◆ Material shown:
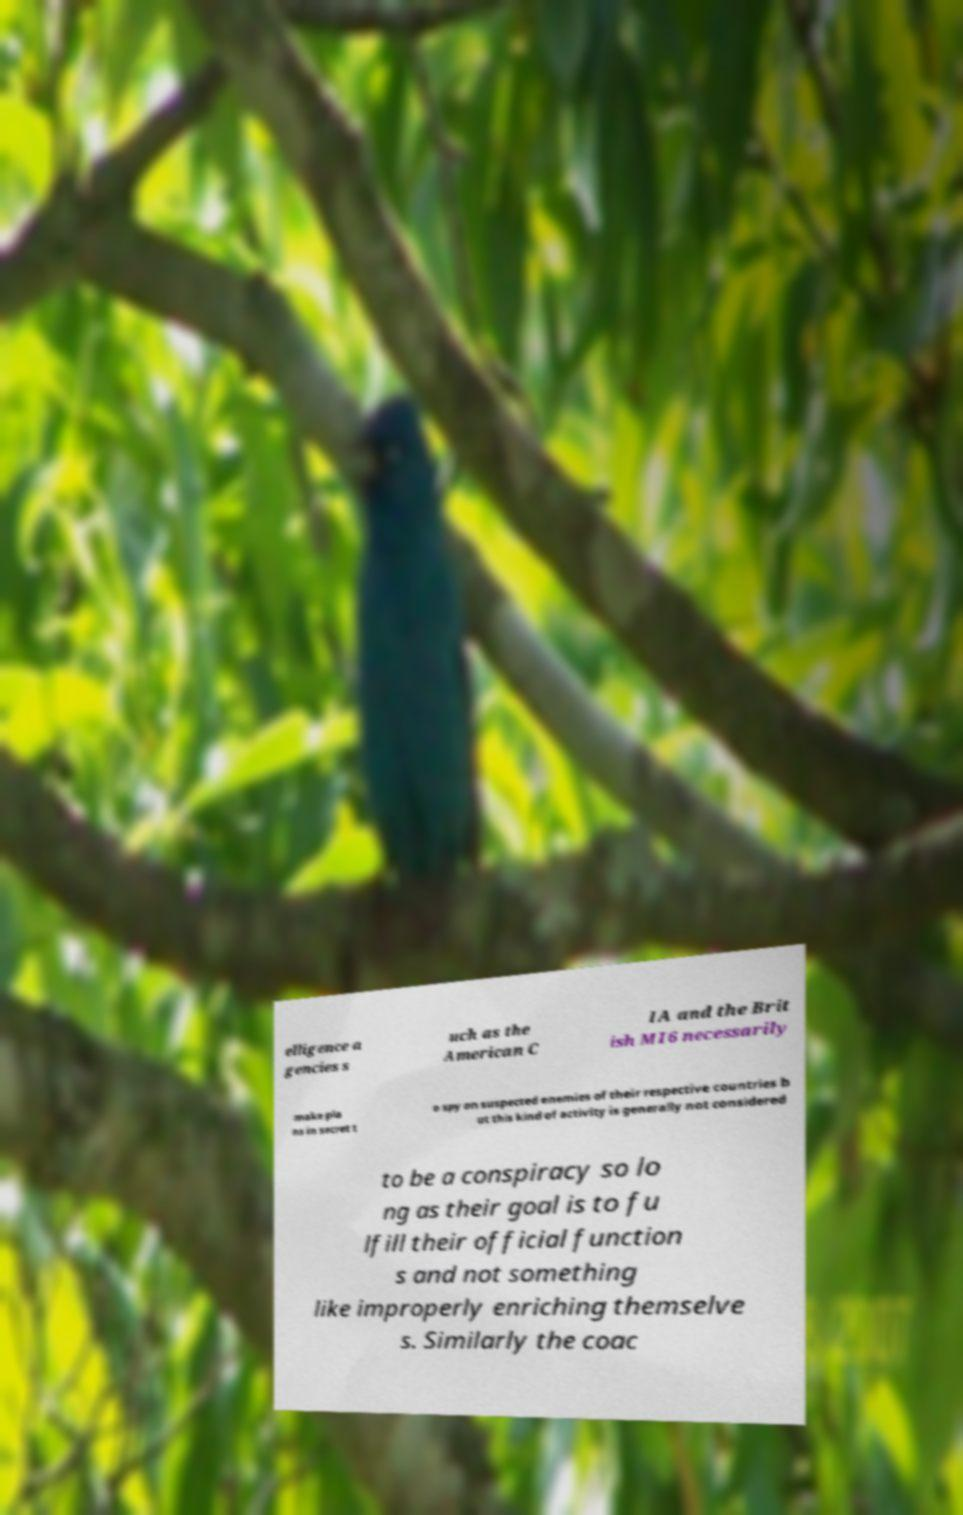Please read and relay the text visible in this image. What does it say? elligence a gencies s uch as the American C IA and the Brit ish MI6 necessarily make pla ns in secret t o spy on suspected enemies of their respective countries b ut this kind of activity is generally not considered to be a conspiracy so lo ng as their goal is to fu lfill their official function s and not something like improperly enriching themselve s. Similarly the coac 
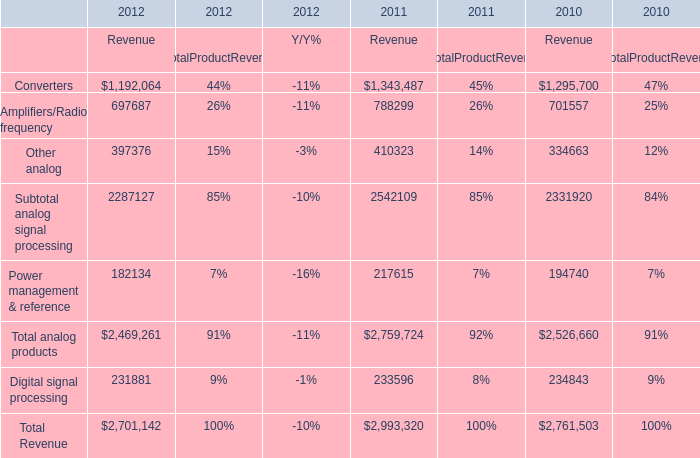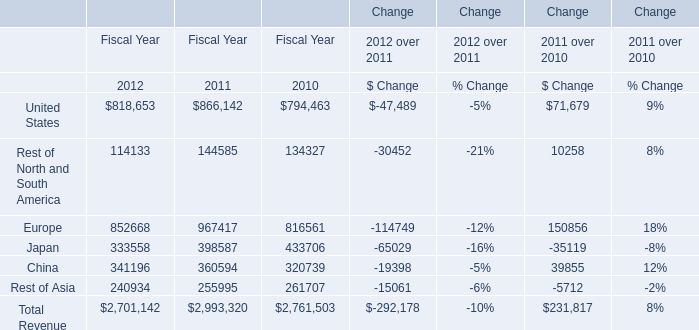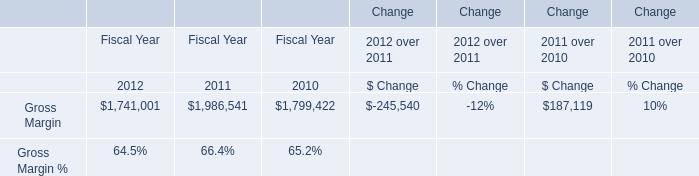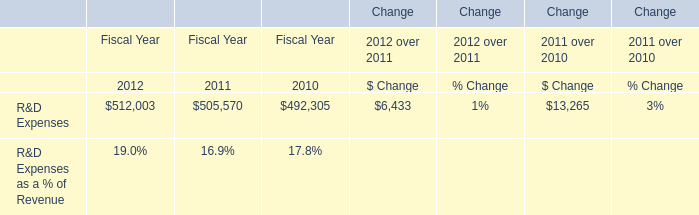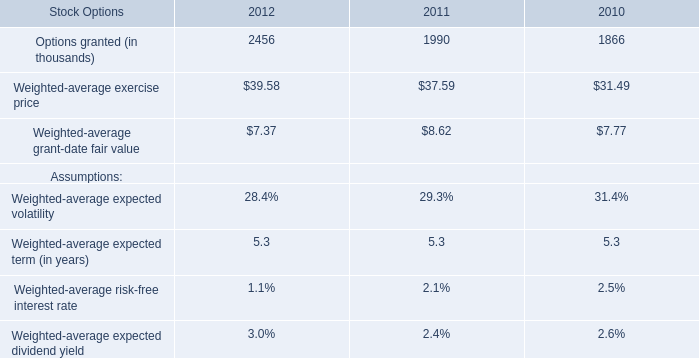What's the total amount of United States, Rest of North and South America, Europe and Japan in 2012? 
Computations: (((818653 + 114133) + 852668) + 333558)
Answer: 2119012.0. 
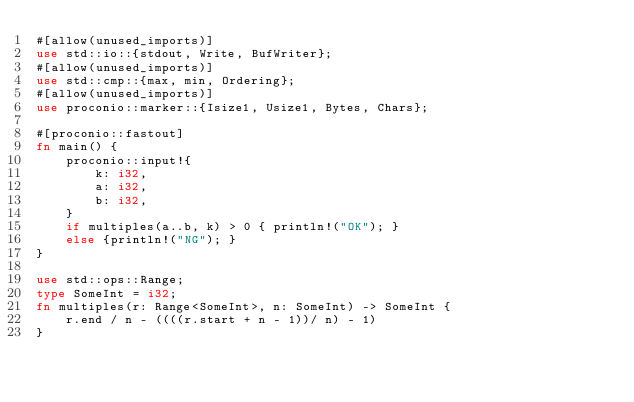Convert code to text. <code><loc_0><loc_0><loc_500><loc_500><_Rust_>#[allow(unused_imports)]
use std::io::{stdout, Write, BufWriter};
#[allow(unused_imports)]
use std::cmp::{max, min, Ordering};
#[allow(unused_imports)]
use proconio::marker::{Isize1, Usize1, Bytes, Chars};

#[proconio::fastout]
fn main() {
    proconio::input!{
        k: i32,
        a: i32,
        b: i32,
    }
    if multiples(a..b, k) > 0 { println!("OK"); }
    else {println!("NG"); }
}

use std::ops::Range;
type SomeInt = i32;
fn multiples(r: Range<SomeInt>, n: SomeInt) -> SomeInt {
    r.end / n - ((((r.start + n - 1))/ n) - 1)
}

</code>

...

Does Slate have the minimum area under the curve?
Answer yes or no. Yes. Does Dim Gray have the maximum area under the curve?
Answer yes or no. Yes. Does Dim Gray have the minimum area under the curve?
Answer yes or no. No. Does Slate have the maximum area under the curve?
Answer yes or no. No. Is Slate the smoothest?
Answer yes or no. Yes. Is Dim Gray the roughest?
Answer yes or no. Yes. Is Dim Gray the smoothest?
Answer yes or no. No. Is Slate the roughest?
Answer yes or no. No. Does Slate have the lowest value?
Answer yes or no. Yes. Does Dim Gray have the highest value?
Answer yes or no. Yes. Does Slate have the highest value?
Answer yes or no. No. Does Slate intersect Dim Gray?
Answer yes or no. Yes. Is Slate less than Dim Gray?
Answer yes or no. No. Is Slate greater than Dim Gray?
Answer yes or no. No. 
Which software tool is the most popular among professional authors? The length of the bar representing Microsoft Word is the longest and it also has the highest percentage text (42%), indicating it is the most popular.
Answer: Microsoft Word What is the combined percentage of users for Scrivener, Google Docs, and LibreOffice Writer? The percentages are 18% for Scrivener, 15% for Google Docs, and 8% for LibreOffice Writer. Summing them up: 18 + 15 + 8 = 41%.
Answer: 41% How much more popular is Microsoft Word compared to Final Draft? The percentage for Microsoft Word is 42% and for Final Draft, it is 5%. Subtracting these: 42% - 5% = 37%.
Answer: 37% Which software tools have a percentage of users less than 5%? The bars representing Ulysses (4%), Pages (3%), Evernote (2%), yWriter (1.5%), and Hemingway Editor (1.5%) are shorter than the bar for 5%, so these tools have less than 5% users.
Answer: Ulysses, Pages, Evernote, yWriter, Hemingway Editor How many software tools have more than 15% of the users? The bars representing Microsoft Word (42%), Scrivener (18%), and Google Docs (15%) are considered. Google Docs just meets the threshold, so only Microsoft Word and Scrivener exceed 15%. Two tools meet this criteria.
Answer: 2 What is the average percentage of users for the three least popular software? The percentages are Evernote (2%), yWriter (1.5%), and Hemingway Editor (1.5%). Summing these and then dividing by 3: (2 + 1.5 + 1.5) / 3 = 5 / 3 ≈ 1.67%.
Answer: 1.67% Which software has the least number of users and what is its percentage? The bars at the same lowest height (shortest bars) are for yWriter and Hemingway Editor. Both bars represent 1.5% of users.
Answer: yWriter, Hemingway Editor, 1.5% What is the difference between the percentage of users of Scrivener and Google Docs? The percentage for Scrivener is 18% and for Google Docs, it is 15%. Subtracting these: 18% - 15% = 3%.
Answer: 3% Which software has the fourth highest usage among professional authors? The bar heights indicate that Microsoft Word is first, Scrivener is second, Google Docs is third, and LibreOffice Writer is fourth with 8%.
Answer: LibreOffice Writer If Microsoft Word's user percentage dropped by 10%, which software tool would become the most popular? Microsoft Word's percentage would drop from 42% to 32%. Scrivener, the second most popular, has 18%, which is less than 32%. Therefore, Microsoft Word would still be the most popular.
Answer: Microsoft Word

* * *

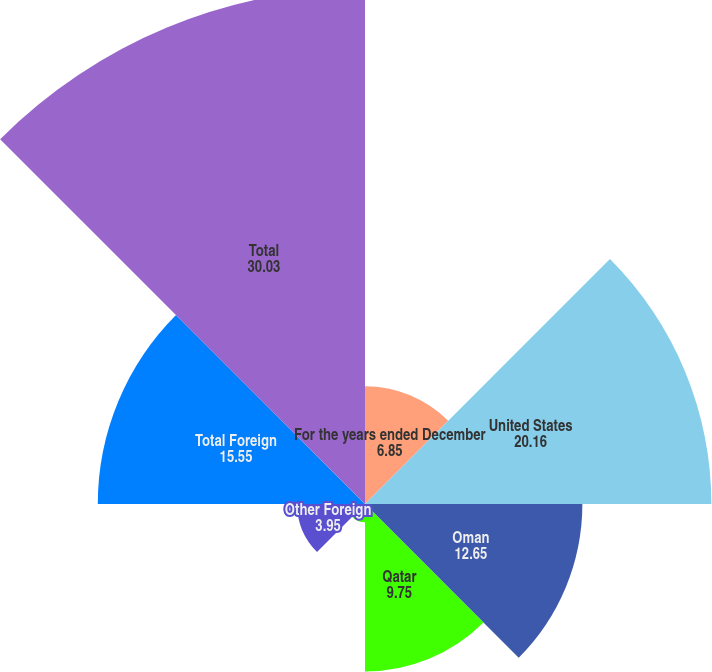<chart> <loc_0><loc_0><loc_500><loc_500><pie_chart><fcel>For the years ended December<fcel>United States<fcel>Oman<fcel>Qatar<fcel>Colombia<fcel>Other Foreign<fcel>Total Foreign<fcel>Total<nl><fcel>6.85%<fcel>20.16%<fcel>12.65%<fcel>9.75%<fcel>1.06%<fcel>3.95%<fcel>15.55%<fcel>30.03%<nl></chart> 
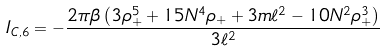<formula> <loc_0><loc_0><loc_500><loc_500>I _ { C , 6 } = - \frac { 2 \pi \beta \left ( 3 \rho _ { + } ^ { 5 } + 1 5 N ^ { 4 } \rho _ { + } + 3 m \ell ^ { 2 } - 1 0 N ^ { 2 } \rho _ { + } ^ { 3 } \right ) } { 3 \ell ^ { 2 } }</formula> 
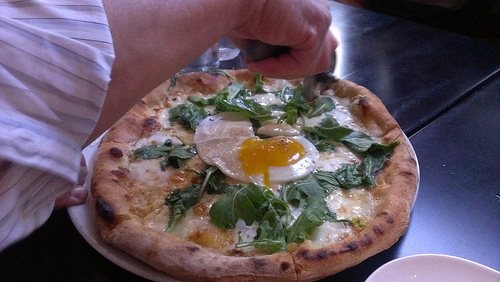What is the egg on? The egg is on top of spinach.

◆ What is required:
Beginning at the line with "Answer yes or no. Yes. Is Dim Gray the smoothest?" and stopping after the line with "Answer yes or no. Yes. Is Slate", please write out every line of the data above exactly and nothing else.

◆ Result of this task:
Answer yes or no. Yes. Is Dim Gray the smoothest?
Answer yes or no. No. Is Slate the roughest?
Answer yes or no. No. Does Slate have the lowest value?
Answer yes or no. Yes. Does Dim Gray have the highest value?
Answer yes or no. Yes. Does Slate have the highest value?
Answer yes or no. No. Does Slate intersect Dim Gray?
Answer yes or no. Yes. Is Slate less than Dim Gray?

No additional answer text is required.